Реакция удлинения праймера на РНК
Для реакции обратной транскрипции использовали от 1 до 6 мкг тотальной РНК в 10 мкл со 100 ед. обратной транскриптазы MuMLV (Invitrogen) по инструкции производителя в присутствии 1 пкмоль меченого 32P-генспецифического праймера. Вначале проводили отжиг праймера, смешивая тотальную РНК, дезокрибонуклеотидфосфаты и 32P-меченый праймер в объеме 7 мкл. Смесь денатурировали при 65*C в течение 5 мин, а затем переносили в лед на 10 мин.
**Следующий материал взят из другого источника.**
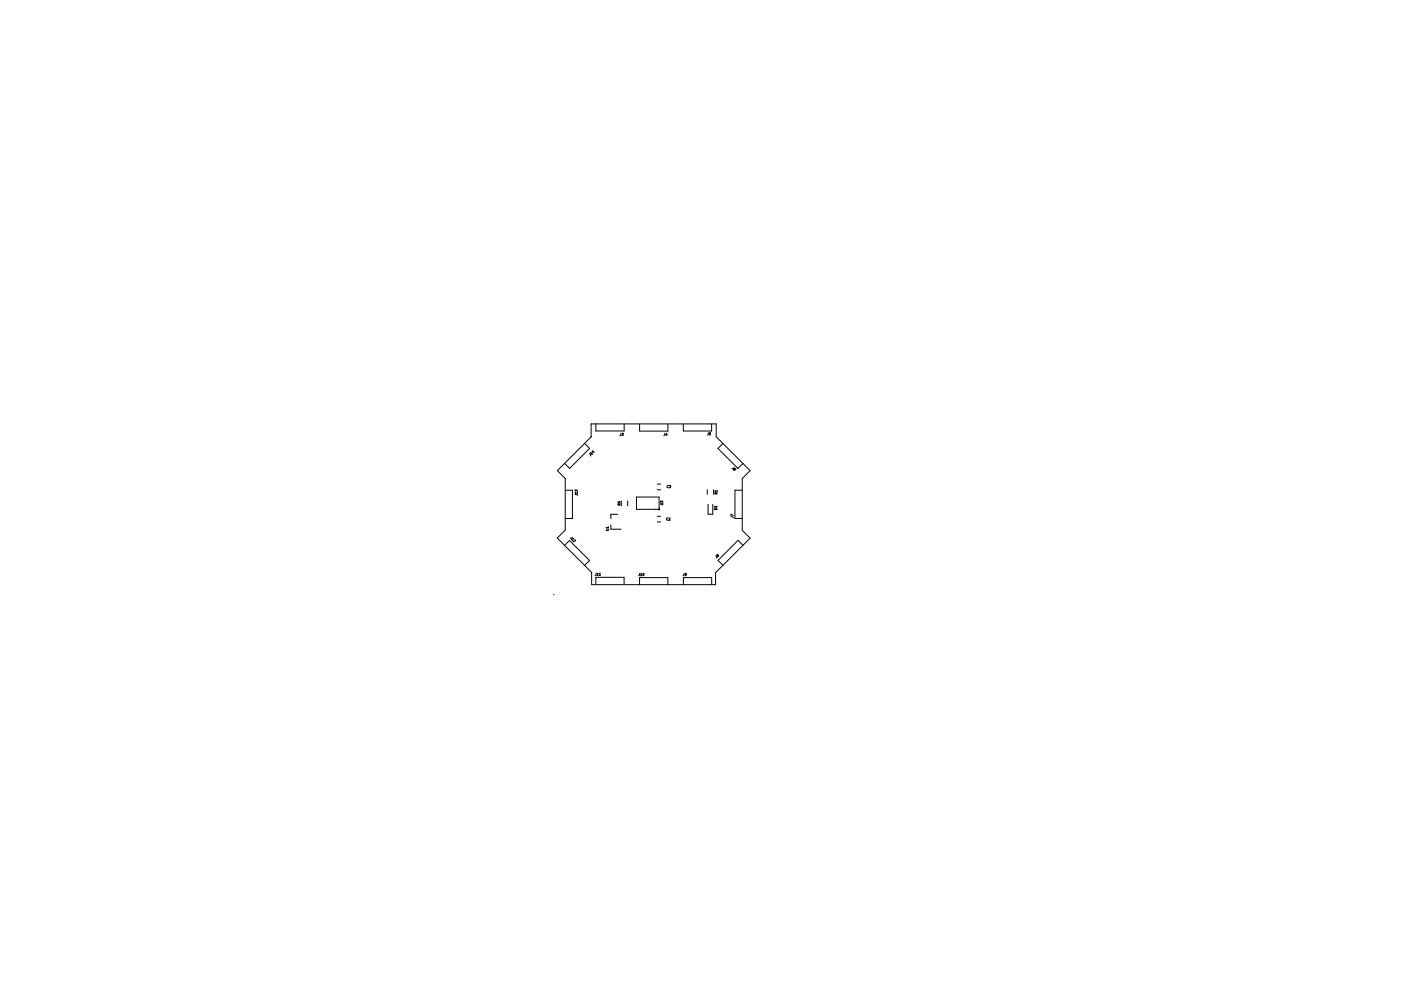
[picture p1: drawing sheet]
<svg xmlns="http://www.w3.org/2000/svg" width="297mm" height="210mm" viewBox="0 0 297 210" stroke-linecap="round" stroke-linejoin="round" font-family="sans-serif">
<g fill="none" stroke="#000" stroke-width=".21">
<path d="M123.9 94.1l1.1 1-4.2 4.3-1.1-1.1M125 96.2l.2 .4v.1M125.2 96.2v-.2l.4 .4M125.3 89.9h26.6v2.8l7.1 7.2-1.6 1.6v11l1.6 1.7-7.3 7.3v2.5h-26.3v-2.6l-7.3-7.2 1.7-1.7v-11l-1.6-1.7 7.1-7.2zM125.3 92.7h.1M125.6 95.6l.1 .4 .2-.2M125.7 96.3l-.2 .2M125.8 95.7l.2 .3M126.3 89.9v1.5h6v-1.5M131.7 91.9l-.1 .5h-.2M131.9 91.9h.3l-.2 .2 .1 .1v.2h-.3M135.6 90v1.5h6v-1.5"/>
<path d="M141 91.9l-.1 .5h-.2M141.3 91.9l-.2 .4h.3M141.4 92.1v.3M144.9 89.9v1.5h6v-1.5M150.2 91.8l-.1 .4-.2 .1M150.7 91.8h-.3v.2h.2v.3h-.2M153.3 94.1l-1.1 1 4.3 4.3 1-1.1M155.7 99.2l-.3 .3-.2-.1M156 99.5h-.2l-.2 .1 .1 .2 .2-.1-.3-.2M119.7 115.7l1-1 4.3 4.2-1.1 1.1M119.9 104h1.5v6h-1.5M121.2 114.5l.2 .2"/>
<path d="M121.4 114l-.4 .2h-.1M121.4 114.2h.3l-.4 .4M121.9 114.5l.1 .1v.2h-.5l.2 .2M121.9 104.9l.5 .1v.1M121.9 104.2v-.3l.2 .2 .1-.1h.2v.3M122.4 104.6l-.5-.1 .2 .2M122.4 104.5v.2M128.5 112.3h.5l-.1 .2h-.4M129 111.9h-.5l.2 .1M129 111.8v.2M129.5 111.3v1h2.2M131 109.1h-1.5v.9"/>
<path d="M131.2 106.4h.3M131.3 107.1l-.1-.2h-.2v.2h.5M131.3 106.4v.3l-.3-.2M131.5 106.9l-.2 .1M131.7 106.3v1M133.1 106.3v1M134.9 105.5h4.8v2.6h-4.8zM139.3 110.7h.8M139.3 109.5h.8M139.3 102.7h.8M139.3 103.9h.8M140.1 106.8l.5 .1-.1 .2h-.4"/>
<path d="M140.1 106.6v-.3l.1 .2 .3-.2v.3M141.6 109.9a.23 .23 0 0 0-.3 .2 .23 .23 0 0 0 .3 .2M141.7 103a.23 .23 0 0 0-.3 .2 .23 .23 0 0 0 .3 .2M141.8 109.9l.3 .1-.3 .4h.3M141.9 103h.3l-.2 .2 .2 .2h-.3M149.9 103.9v1M150.1 107v2.1h1v-2.1M151.3 103.9v1M151.6 107.9a.26 .26 0 0 1 .3 0 .26 .26 0 0 1 .1 .2h-.5zM151.8 117.9l.2 .4-.1 .2M151.8 104.8v-.3h-.2v.3h.5M152 107.5h-.5l.1 .2"/>
<path d="M152 107.4v.3M152.1 104.2h-.5l.1 .1M152.1 104.5l-.3 .2M152.1 104v.3M152.2 117.8l.2 .1-.1 .2-.2-.1v-.4l-.1 .2 .1 .1M155 109.6l.4 .1 .1 .2M155.5 109.4l-.5-.3v.3M157.3 104h-1.5v6h1.5M157.5 115.7l-1-1.1-4.3 4.3 1.1 1M117.4 126.1v.1M126.3 124v-1.5h6v1.5M126.4 121.6l-.1 .4-.1 .1"/>
<path d="M126.6 122.1h.2M126.6 121.7l.2-.1-.1 .5M127 122.1h.3M127.1 121.7l.1-.1v.5M135.6 124v-1.5h6v1.5M135.6 121.6v.5h-.2M135.8 122.1h.3M135.8 121.8l.2-.2-.1 .5M136.4 121.7h.2l-.2 .4h-.1zM144.9 124v-1.5h6v1.5M145 121.6v.5h-.2M145.5 121.9h-.2v-.2h.2v.3l-.3 .1"/>
<circle cx="139.7" cy="108.1" r=".13"/>
</g>
</svg>

После этого добавляли 3 мкл смеси, содержащей обратную транскриптазу в реакционном буфере (50 мМ трисHCl, pH 8.3, 75 мМ KCl, 3 мМ MgCl2, 10 мМ DTT) и проводили реакцию удлинения праймера в течение 55 мин при 37*С. Реакцию останавливали добавлением равного объема формамидного буфера для нанесения и затем наносили на 8% денатурирующий акриламидный гель.
Для идентификации продуктов реакции удлинения праймеров проводили реакцию секвенирования (fmol DNA CycleSequencing kit, Promega) микроциновой плазмиды. В реакциях секвенирования использовали тот же меченый праймер, что и в реакциях удлинения праймера на РНК.